Die Sportwelt liegt derzeit wieder einmal im Fußballfieber. Doch nicht nur bei der Fußball-Europameisterschaft dreht sich aktuell alles ums runde Leder. Auch an der FH Technikum Wien widmen sich Studierende des Bachelor-Studiengangs Human Factors and Sports Engineering und des Master-Studiengangs Sports Technology im Rahmen ihrer Abschlussarbeiten verschiedenen Aspekten des Fußballspiels.
Unförmige Bälle
Die Bälle, mit denen sich Valentin Vielhuber in seiner Masterthesis beschäftigt, sind dabei jedoch nicht wirklich rund. Denn im Fokus der Masterarbeit des Sports Technology-Studenten stehen die speziell geformten, ballartigen Übungsobjekte des Wiener Unternehmens Rasenreich, mit denen sich im Training Eigenschaften wie Koordination, Konzentration, Technik und Reaktionsfähigkeit verbessern lassen. Das „Corpus“ genannte Trainingsgerät ist in zwei Varianten erhältlich. Eine ist annähernd oval, die andere ähnelt einem abgerundeten Dreieck. Beide weisen etwas unterschiedliche Spieleigenschaften auf und werden wie normale Bälle benutzt. In der Handhabung sind sie jedoch wesentlich anspruchsvoller. Für seine Masterarbeit analysierte FHTW-Student Vielhuber, wie sich der Einsatz der Objekte im Training auf die sogenannte Handlungsschnelligkeit der Spieler auswirkt. Gemeint ist damit nicht nur die Reaktionsspanne, sondern jene Zeit, die ein Spieler von der Wahrnehmung einer Spielsituation über die Informationsverarbeitung und die Entscheidungsfindung bis hin zur Umsetzung der Handlung braucht.
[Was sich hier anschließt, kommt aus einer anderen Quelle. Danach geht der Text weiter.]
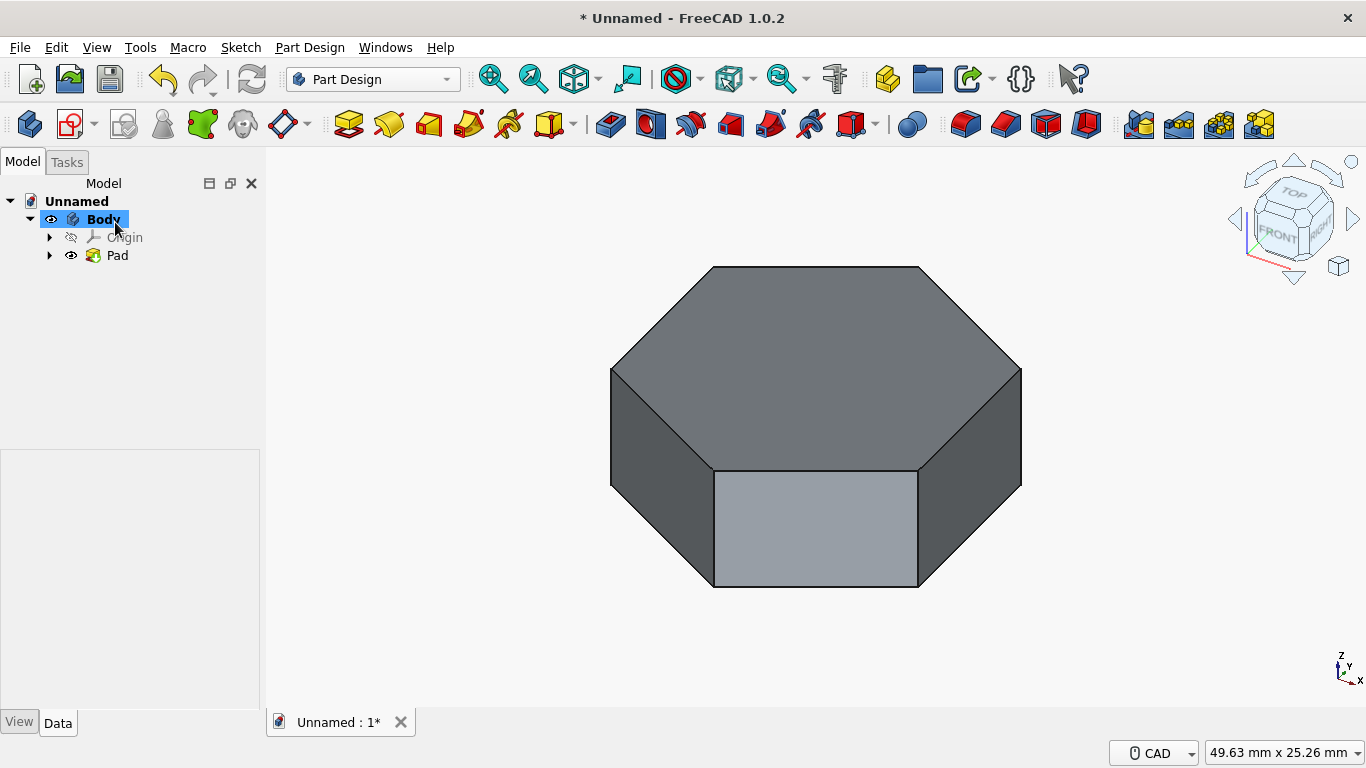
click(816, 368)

Die Trainingsobjekte des Unternehmens sind seit mehr als zwei Jahren am Markt und werden mittlerweile von zahlreichen Vereinen und Privatpersonen im In- und Ausland eingesetzt. Rasenreich-Geschäftsführer Johannes Anderl ist selbst Sports Technology-Absolvent der FHTW und regte auch das Thema für Valentin Vielhubers Masterarbeit an.
Messung der Handlungszeit
Dieser beschäftigte sich zunächst mit der Frage, wie man die Handlungsschnelligkeit genauer definieren, sie messen und den Einfluss der Bälle mit wissenschaftlichen Methoden überprüfen könnte. Dazu entwickelte er verschiedene Testszenarien, mit denen sich gewisse Spielsituationen wie Passen, Ballführung und Torabschluss mit Probanden nachstellen ließen. Zudem wurde im Rahmen eines Reaktionstests die „Handlungszeit“ mithilfe von Lichtschranken gemessen.
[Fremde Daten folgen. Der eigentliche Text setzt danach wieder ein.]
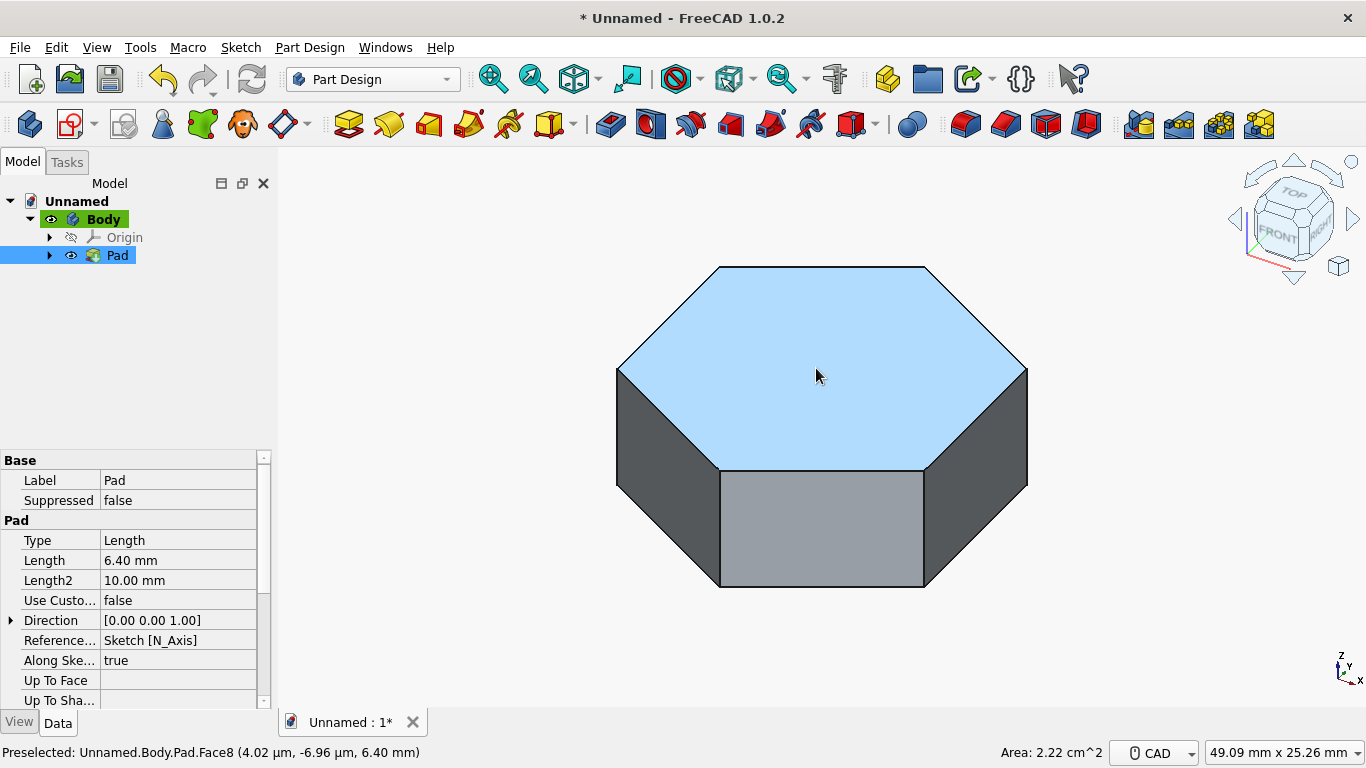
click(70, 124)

Die Tests wurden dabei mit normalen Bällen und mit den speziell geformten Corpus-Objekten durchgeführt und die jeweiligen Ergebnisse verglichen. Dabei sei bereits direkt nach dem Training unter anderem eine verbesserte Ballführung zu beobachten gewesen, erklärt der Student. „Es ging im Rahmen der Arbeit auch darum herauszufinden, ob schon eine Trainingseinheit Einfluss auf die Handlungsschnelligkeit hat“, erläutert Vielhuber weiter. Obwohl die Testszenarien auch eine große körperliche Belastung für die Probanden darstellten, sei jedenfalls bereits nach einmaligem Training ein positiver Einfluss der Ballobjekte zu erkennen, fasst er die Ergebnisse seiner Arbeit zusammen.
Bachelorarbeit: Spielerposition und körperliche Belastung
Welchen Einfluss die Position eines Spielers auf die physiologische Belastung im Training und bei Matches hat, das interessierte wiederum Katrin Wimmer für ihre Bachelorarbeit im Studiengang Human Factors and Sports Engineering. Zu dem Thema gebe es zwar bereits wissenschaftliche Literatur, erklärt Wimmer. Doch für ihre Abschlussarbeit beleuchtete sie mit einer Nachwuchsmannschaft aus dem Leistungssportbereich ein in dieser Hinsicht bislang wenig beachtetes Segment im Fußballsport. Sie analysierte dazu die Leistungen des U18-Herrenteams der Fußballakademie St. Pölten.
Komplexe Einflussfaktoren
Um die wichtigsten Einflussfaktoren für die Belastungen der Spieler herauszufinden und diese messen zu können, mussten neben der Unterscheidung von Training und Bewerbsspiel auch Faktoren wie die Anzahl der Trainingstage oder die Spielfeldgröße berücksichtigt werden. Die Spieler stattete Wimmer für die Messungen mit GPS- und Herzfrequenzsensoren aus, die ermittelten Daten wurden dann ausgewertet und auf die Spielerprofile und die verschiedenen Positionen umgelegt.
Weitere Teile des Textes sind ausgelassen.